• _SOURCE DATA_
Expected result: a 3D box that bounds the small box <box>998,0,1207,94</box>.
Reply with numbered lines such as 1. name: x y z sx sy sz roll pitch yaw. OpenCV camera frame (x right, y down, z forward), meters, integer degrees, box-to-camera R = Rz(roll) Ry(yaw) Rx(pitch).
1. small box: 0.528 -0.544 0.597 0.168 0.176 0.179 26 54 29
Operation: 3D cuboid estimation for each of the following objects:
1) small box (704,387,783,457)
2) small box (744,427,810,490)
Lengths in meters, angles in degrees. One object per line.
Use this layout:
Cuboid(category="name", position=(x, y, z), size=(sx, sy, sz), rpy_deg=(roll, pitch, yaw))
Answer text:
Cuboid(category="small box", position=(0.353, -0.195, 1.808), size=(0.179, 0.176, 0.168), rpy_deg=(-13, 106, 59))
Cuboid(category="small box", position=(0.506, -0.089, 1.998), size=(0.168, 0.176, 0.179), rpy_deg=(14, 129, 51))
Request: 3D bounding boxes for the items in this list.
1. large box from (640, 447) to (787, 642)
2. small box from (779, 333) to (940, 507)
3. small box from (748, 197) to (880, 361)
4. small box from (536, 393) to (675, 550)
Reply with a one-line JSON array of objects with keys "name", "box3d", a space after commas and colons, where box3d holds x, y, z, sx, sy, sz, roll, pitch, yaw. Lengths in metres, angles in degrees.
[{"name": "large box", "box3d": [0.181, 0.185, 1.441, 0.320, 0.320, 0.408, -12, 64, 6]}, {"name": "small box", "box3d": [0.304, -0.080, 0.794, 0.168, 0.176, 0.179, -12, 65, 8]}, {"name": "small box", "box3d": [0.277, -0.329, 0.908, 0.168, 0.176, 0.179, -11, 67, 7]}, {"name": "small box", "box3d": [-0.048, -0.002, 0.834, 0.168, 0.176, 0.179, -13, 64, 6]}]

• _PROMPT_
Your answer must be every line from the entries that contains the string "this", copied as it stands.

• _TASK ANSWER_
Use this layout:
Request: 3D bounding boxes for the items in this list.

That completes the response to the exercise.